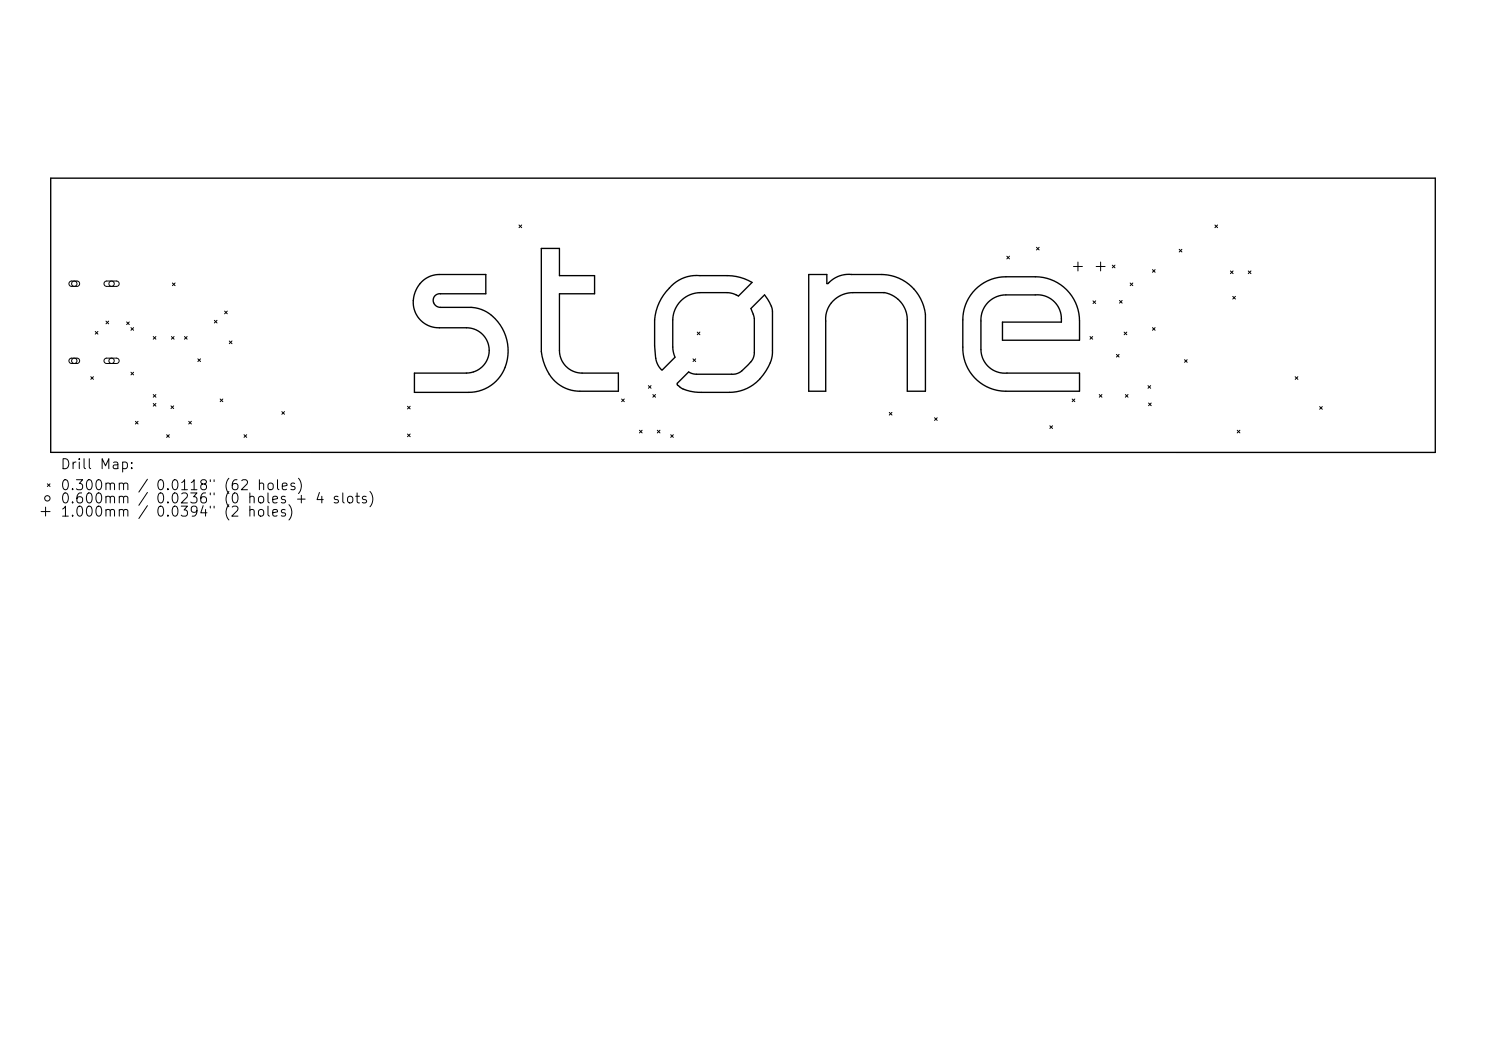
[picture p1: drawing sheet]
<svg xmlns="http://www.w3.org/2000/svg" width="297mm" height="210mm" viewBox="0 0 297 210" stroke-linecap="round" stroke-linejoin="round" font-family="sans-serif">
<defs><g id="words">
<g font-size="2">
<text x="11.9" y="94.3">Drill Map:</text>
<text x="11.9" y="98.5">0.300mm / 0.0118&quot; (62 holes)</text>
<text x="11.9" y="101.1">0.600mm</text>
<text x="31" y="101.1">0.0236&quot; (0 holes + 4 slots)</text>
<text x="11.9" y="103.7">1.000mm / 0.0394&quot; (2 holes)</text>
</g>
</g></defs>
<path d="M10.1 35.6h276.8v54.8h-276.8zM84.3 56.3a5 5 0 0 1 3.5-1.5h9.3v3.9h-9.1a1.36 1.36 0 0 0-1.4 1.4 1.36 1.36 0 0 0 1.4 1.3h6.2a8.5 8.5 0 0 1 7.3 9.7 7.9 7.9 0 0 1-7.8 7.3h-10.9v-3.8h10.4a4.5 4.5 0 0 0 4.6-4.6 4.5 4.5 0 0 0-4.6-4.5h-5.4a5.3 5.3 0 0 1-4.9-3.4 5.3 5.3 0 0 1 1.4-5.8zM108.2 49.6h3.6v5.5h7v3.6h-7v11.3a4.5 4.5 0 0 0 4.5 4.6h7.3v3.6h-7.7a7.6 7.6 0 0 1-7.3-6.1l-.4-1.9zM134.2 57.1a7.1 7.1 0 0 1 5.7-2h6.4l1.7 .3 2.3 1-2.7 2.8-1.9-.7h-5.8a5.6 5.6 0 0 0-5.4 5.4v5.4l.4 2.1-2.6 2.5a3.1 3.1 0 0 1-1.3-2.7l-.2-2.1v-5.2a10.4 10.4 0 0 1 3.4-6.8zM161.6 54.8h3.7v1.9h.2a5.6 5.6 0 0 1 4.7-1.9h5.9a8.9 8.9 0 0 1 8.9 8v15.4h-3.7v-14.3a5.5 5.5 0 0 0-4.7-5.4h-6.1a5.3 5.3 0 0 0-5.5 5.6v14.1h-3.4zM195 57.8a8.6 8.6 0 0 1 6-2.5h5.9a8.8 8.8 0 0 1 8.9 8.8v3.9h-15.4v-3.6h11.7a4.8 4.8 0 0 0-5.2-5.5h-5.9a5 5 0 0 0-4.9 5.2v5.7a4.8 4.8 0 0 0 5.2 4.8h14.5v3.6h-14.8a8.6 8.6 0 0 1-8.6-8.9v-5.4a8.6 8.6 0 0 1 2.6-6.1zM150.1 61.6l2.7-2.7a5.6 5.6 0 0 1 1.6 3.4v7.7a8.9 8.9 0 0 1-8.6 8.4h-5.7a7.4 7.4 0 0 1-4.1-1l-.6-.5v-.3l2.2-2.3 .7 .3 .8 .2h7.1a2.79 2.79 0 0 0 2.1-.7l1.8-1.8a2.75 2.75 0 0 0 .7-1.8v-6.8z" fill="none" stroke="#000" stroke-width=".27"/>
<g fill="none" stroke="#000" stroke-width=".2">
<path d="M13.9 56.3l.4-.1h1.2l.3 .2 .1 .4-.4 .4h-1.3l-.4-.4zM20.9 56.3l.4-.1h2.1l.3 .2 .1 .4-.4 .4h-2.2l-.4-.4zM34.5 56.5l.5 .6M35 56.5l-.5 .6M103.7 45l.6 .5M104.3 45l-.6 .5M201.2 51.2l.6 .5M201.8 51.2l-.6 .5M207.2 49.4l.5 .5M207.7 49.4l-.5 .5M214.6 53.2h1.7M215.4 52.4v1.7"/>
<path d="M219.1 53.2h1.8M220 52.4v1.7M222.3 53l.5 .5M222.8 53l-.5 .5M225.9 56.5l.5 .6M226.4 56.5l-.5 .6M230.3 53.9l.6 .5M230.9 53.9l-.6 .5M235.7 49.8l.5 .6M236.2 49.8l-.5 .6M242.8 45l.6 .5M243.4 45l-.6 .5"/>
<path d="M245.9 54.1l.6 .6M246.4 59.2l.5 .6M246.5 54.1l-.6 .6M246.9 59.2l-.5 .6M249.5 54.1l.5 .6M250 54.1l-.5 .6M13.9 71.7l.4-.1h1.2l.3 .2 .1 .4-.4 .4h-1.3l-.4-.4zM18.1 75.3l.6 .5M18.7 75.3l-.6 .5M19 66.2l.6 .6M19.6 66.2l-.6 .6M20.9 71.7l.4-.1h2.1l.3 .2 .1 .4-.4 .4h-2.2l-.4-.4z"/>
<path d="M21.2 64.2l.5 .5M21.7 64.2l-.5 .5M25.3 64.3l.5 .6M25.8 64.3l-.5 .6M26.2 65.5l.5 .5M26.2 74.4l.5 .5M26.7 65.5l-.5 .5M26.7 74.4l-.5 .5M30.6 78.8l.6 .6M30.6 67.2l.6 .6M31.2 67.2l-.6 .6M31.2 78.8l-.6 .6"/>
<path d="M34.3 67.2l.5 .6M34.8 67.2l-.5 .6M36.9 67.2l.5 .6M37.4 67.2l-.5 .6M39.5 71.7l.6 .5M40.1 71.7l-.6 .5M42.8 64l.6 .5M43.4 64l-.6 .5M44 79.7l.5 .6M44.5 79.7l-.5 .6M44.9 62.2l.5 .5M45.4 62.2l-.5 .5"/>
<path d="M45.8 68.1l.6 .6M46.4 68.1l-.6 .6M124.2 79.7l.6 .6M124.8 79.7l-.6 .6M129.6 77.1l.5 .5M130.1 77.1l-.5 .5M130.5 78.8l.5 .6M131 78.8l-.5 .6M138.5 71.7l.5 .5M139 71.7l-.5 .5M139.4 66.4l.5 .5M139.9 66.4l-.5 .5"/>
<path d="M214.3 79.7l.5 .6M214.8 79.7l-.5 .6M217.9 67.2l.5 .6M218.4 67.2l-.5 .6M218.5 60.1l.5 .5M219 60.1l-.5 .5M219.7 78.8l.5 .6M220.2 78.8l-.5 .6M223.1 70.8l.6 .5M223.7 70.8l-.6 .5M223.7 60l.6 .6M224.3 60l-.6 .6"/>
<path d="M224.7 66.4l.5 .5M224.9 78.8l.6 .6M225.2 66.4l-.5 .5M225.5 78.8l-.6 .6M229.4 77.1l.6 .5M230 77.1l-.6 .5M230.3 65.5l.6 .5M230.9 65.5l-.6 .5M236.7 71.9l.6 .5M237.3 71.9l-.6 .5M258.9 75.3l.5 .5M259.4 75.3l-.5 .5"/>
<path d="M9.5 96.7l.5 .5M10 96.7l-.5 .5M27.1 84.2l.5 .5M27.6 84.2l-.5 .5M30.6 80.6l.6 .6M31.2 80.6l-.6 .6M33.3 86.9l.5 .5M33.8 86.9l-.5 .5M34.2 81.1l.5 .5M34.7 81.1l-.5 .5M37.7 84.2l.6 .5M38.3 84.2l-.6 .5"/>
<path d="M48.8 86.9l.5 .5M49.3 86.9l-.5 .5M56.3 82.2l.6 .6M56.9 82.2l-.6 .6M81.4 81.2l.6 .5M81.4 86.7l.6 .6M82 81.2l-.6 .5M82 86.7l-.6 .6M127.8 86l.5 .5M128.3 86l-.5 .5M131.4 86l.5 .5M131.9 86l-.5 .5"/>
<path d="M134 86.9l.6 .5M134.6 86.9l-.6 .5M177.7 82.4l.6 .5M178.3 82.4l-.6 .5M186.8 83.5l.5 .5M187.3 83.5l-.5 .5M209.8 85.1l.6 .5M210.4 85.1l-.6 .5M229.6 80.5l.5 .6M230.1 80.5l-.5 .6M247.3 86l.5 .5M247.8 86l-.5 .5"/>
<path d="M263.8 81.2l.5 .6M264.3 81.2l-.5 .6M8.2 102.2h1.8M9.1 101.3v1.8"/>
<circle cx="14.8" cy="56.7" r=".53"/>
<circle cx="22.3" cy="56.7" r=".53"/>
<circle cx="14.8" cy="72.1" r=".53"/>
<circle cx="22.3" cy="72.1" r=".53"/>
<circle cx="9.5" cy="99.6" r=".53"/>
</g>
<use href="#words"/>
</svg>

◆ ◆ ◆

§ **Your assignment**
Would you please copy every line in the data that contains the word "circle"?

§ **Solution**
<circle cx="14.8" cy="56.7" r=".53"/>
<circle cx="22.3" cy="56.7" r=".53"/>
<circle cx="14.8" cy="72.1" r=".53"/>
<circle cx="22.3" cy="72.1" r=".53"/>
<circle cx="9.5" cy="99.6" r=".53"/>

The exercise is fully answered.